-- Opening Marker --

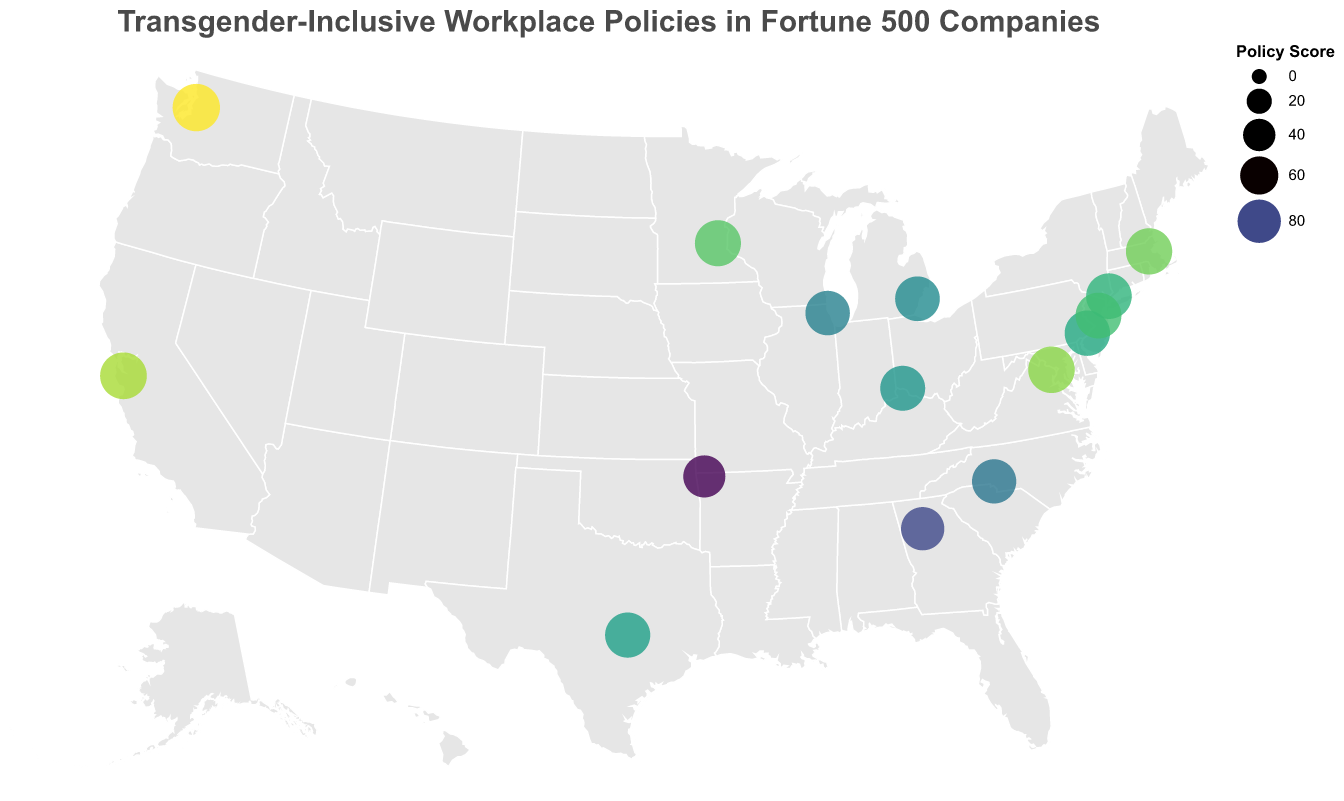What's the title of the plot? The title is displayed prominently at the top of the plot in a larger font.
Answer: Transgender-Inclusive Workplace Policies in Fortune 500 Companies How many companies have a policy score of 90 or higher? Count the circles with policy scores equal to or greater than 90. We have 10 such companies: Apple, IBM, Microsoft, Target, Boston Scientific, Johnson & Johnson, Capital One.
Answer: 10 Which company has the highest transgender-inclusive workplace policy score and where is it headquartered? Identify the circle with the largest size and highest color intensity, then refer to the legend or tooltip for the specific company and its location. In this case, Microsoft in Washington has the highest policy score of 98.
Answer: Microsoft, Washington Which state has the most companies listed in the plot? Identify the state that appears most frequently in the data values. Multiple states can be compared by counting the frequency of companies present in each state. California and New York each have one company listed, but Massachusetts stands out with multiple entries, such as Boston Scientific.
Answer: Massachusetts What is the range of policy scores among these companies? The range is calculated by subtracting the smallest policy score from the largest policy score. Here, the highest policy score is 98 (Microsoft) and the lowest is 75 (Walmart), resulting in a range of 98 - 75 = 23.
Answer: 23 Which company has the lowest policy score and what is it? Identify the smallest circle on the plot and refer to the tooltip to get the company's name and its policy score. Walmart in Arkansas has the lowest policy score of 75.
Answer: Walmart, 75 What is the average policy score of companies headquartered in states on the East Coast (Massachusetts, New York, New Jersey, Virginia)? Add the policy scores of companies headquartered in these states and divide by the number of such companies: (93 + 90 + 91 + 94) / 4 = 92.
Answer: 92 Are there any companies from Texas? If so, what are their policy scores? Check for markers located near the geographical coordinates corresponding to Texas. The tooltip information reveals one company, Dell, with a policy score of 88.
Answer: Yes, Dell with a policy score of 88 What is the median policy score for these companies? Sort the policy scores and find the middle value. The sorted scores are 75, 80, 84, 85, 86, 87, 88, 89, 90, 91, 92, 93, 94, 95, 98. The median score, being the 8th value in this 15-item list, is 89.
Answer: 89 How do California and Washington compare in terms of the policy scores? Compare the policy scores of companies Apple in California (95) and Microsoft in Washington (98). Microsoft has a higher score.
Answer: Microsoft has a higher score than Apple 
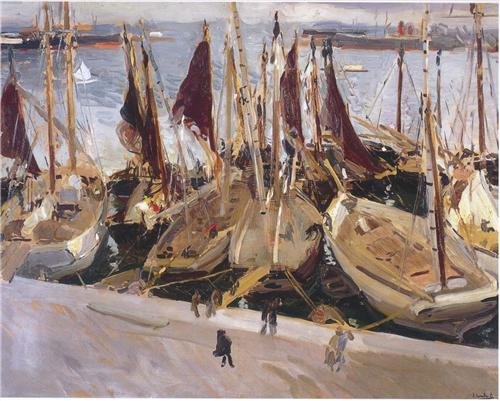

-- Closing Marker --

→ **TASK BRIEF**
Output a verbatim copy of the entries and skip the pictures.

→ **REPLY TO THE TASK**
What's the title of the plot? The title is displayed prominently at the top of the plot in a larger font.
Answer: Transgender-Inclusive Workplace Policies in Fortune 500 Companies How many companies have a policy score of 90 or higher? Count the circles with policy scores equal to or greater than 90. We have 10 such companies: Apple, IBM, Microsoft, Target, Boston Scientific, Johnson & Johnson, Capital One.
Answer: 10 Which company has the highest transgender-inclusive workplace policy score and where is it headquartered? Identify the circle with the largest size and highest color intensity, then refer to the legend or tooltip for the specific company and its location. In this case, Microsoft in Washington has the highest policy score of 98.
Answer: Microsoft, Washington Which state has the most companies listed in the plot? Identify the state that appears most frequently in the data values. Multiple states can be compared by counting the frequency of companies present in each state. California and New York each have one company listed, but Massachusetts stands out with multiple entries, such as Boston Scientific.
Answer: Massachusetts What is the range of policy scores among these companies? The range is calculated by subtracting the smallest policy score from the largest policy score. Here, the highest policy score is 98 (Microsoft) and the lowest is 75 (Walmart), resulting in a range of 98 - 75 = 23.
Answer: 23 Which company has the lowest policy score and what is it? Identify the smallest circle on the plot and refer to the tooltip to get the company's name and its policy score. Walmart in Arkansas has the lowest policy score of 75.
Answer: Walmart, 75 What is the average policy score of companies headquartered in states on the East Coast (Massachusetts, New York, New Jersey, Virginia)? Add the policy scores of companies headquartered in these states and divide by the number of such companies: (93 + 90 + 91 + 94) / 4 = 92.
Answer: 92 Are there any companies from Texas? If so, what are their policy scores? Check for markers located near the geographical coordinates corresponding to Texas. The tooltip information reveals one company, Dell, with a policy score of 88.
Answer: Yes, Dell with a policy score of 88 What is the median policy score for these companies? Sort the policy scores and find the middle value. The sorted scores are 75, 80, 84, 85, 86, 87, 88, 89, 90, 91, 92, 93, 94, 95, 98. The median score, being the 8th value in this 15-item list, is 89.
Answer: 89 How do California and Washington compare in terms of the policy scores? Compare the policy scores of companies Apple in California (95) and Microsoft in Washington (98). Microsoft has a higher score.
Answer: Microsoft has a higher score than Apple 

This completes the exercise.